Retype, word for word, every line of the records below starting at the one that contains "- pedestrian [1389,559,1446,666]" and ending at the one that contains "- bicyclist [586,583,612,619]"; include both of those lines and nothing more.

▶ Exercise data

- Opening Delimiter -

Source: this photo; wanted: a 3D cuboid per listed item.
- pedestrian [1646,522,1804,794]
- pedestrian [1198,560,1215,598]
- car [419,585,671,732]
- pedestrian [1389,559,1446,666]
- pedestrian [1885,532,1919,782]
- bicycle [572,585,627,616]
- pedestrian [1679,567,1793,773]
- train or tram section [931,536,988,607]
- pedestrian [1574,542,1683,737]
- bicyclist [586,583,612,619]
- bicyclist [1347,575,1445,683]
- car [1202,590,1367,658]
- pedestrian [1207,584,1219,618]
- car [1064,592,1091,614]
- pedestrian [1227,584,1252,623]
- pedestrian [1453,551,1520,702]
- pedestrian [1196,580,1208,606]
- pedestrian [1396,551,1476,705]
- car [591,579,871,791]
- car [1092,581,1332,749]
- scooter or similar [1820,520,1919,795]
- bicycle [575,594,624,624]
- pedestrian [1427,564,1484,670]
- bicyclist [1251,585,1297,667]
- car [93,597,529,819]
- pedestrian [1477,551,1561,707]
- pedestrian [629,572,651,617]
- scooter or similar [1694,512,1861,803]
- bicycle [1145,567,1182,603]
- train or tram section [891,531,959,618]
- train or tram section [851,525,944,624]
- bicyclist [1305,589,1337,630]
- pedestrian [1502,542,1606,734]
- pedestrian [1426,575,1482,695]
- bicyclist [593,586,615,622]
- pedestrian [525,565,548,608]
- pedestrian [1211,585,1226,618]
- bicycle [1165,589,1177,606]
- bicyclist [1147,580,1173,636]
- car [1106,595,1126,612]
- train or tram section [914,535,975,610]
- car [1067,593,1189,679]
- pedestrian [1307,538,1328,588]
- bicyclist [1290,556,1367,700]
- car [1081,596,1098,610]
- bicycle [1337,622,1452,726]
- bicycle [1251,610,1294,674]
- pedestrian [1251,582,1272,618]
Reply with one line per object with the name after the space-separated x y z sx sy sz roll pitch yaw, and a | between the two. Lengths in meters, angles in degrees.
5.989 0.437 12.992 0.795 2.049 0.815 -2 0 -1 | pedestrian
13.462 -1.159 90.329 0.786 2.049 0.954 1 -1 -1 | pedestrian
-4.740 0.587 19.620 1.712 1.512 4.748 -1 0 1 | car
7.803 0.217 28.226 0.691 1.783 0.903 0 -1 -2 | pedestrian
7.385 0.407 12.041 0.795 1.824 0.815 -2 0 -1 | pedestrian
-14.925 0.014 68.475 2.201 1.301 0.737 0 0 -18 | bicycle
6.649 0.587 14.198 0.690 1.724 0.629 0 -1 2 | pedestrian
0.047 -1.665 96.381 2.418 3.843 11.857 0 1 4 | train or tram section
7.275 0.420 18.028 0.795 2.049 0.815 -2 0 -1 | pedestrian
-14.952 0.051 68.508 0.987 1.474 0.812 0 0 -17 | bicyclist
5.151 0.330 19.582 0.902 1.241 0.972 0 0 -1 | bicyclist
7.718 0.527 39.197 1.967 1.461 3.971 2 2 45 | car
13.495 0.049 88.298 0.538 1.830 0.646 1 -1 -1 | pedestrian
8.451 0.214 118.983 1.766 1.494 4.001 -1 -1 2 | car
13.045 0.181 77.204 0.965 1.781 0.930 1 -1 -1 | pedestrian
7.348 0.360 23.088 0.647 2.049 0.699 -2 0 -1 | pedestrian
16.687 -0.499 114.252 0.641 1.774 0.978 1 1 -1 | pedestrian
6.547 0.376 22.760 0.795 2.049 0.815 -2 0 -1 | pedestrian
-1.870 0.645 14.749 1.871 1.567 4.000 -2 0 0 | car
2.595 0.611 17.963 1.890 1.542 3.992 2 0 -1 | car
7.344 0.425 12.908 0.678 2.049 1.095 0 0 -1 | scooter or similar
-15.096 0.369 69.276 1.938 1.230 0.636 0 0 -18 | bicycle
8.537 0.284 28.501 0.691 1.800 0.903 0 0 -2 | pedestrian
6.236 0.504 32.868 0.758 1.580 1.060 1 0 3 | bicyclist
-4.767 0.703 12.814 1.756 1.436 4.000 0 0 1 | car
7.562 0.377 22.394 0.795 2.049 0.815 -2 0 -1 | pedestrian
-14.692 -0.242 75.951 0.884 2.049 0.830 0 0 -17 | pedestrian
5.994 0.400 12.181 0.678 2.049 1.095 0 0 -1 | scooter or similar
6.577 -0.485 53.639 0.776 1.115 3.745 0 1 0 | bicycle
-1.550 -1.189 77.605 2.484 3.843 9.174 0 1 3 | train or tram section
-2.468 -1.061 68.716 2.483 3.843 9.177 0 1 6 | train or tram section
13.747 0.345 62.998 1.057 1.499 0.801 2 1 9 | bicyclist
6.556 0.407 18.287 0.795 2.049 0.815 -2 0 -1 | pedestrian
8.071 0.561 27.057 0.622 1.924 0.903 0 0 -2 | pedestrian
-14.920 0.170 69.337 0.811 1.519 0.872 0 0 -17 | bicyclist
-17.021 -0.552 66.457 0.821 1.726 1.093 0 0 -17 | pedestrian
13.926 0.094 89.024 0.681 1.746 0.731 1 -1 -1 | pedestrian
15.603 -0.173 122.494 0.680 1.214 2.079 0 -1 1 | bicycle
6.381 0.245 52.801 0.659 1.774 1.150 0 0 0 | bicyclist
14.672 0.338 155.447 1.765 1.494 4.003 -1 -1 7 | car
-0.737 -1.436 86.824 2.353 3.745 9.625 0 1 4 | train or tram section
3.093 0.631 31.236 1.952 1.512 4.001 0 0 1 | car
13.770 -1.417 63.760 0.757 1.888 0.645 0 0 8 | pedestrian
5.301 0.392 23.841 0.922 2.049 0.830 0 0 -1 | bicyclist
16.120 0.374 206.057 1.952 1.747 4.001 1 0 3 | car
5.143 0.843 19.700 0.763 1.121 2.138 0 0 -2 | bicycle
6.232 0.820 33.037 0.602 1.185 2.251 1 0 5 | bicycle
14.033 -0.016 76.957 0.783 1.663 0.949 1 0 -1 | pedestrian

- Closing Delimiter -
- Opening Delimiter -

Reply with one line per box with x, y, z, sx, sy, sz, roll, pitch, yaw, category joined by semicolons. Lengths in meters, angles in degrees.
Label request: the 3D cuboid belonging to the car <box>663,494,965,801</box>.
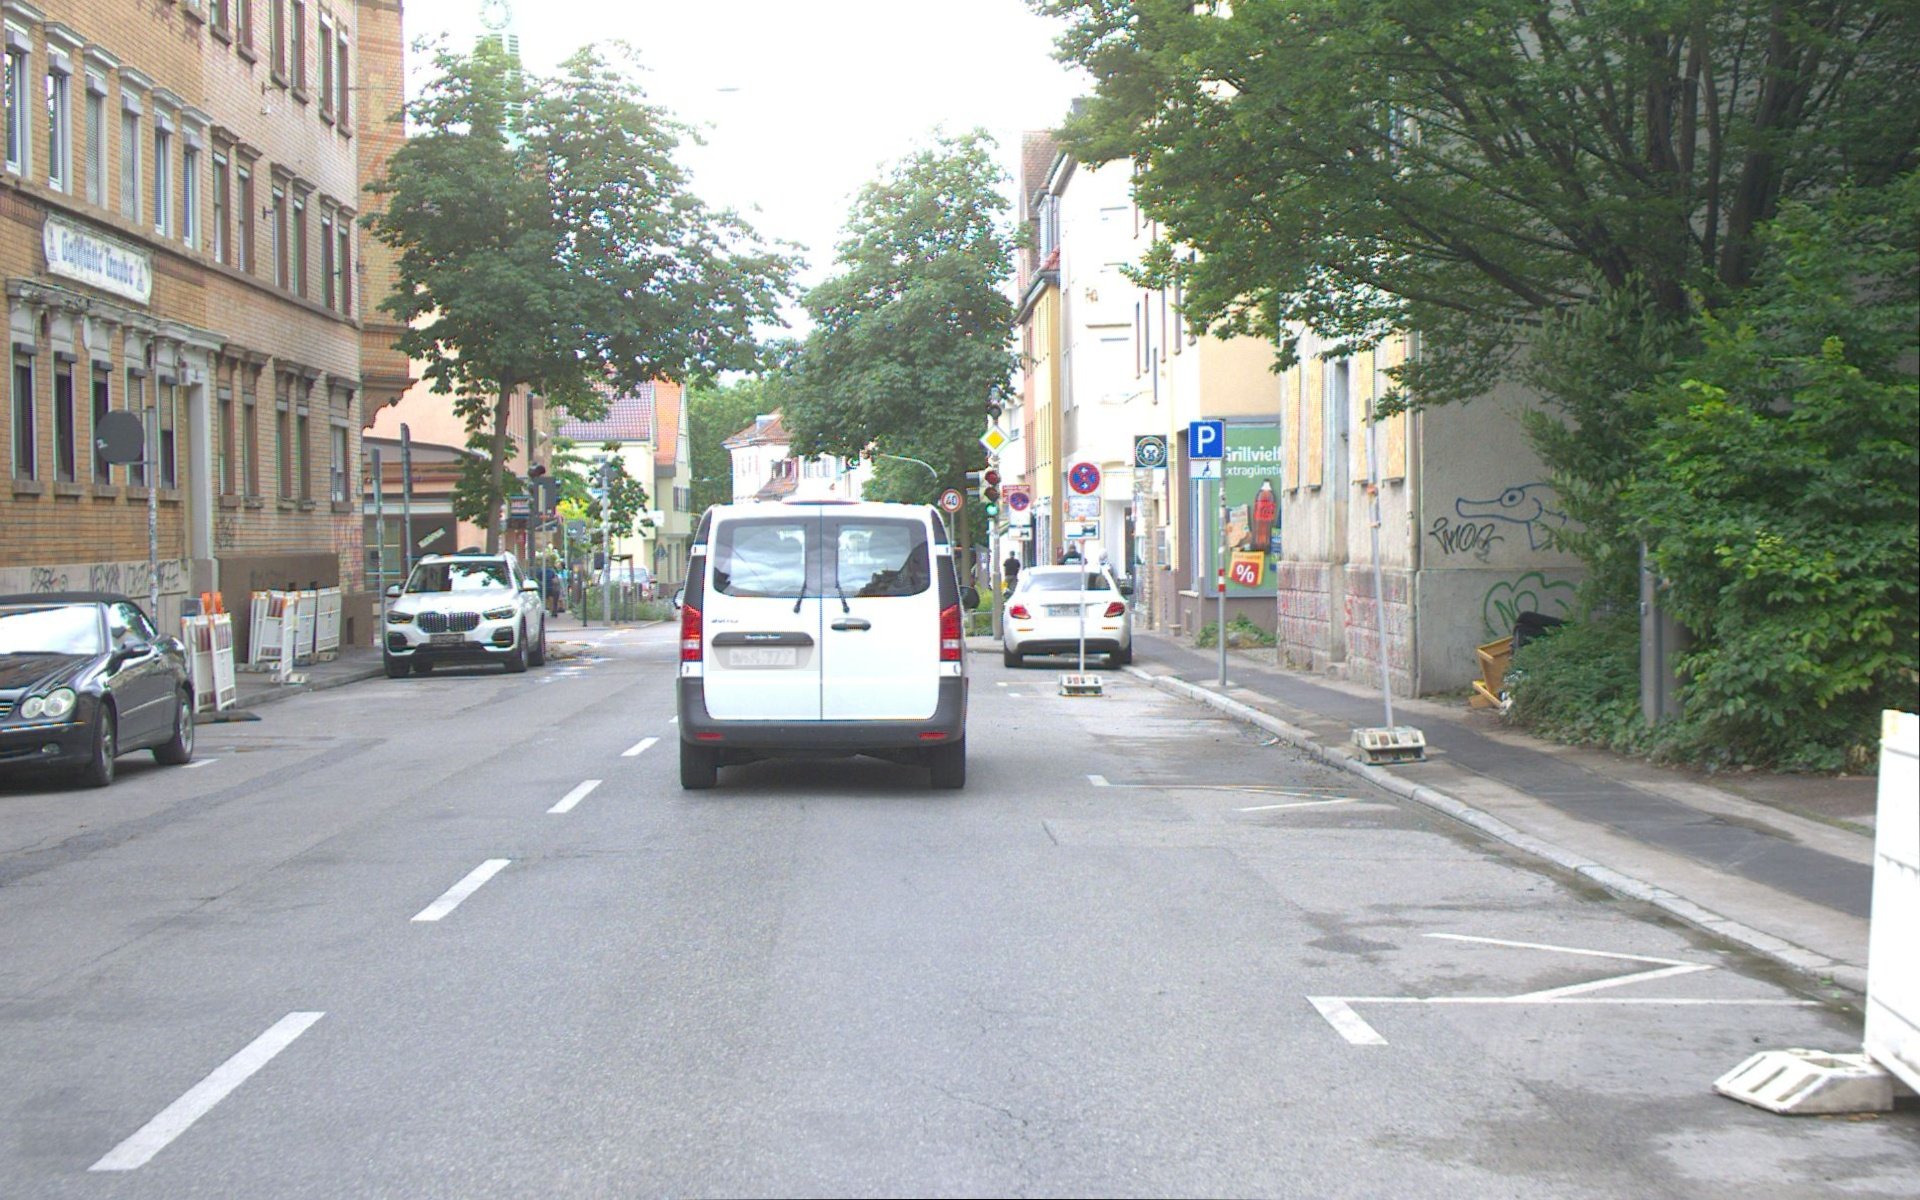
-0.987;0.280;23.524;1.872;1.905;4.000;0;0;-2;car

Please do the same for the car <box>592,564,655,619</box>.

- Closing Delimiter -

▶ Exercise solution
- pedestrian [1389,559,1446,666]
- pedestrian [1885,532,1919,782]
- bicycle [572,585,627,616]
- pedestrian [1679,567,1793,773]
- train or tram section [931,536,988,607]
- pedestrian [1574,542,1683,737]
- bicyclist [586,583,612,619]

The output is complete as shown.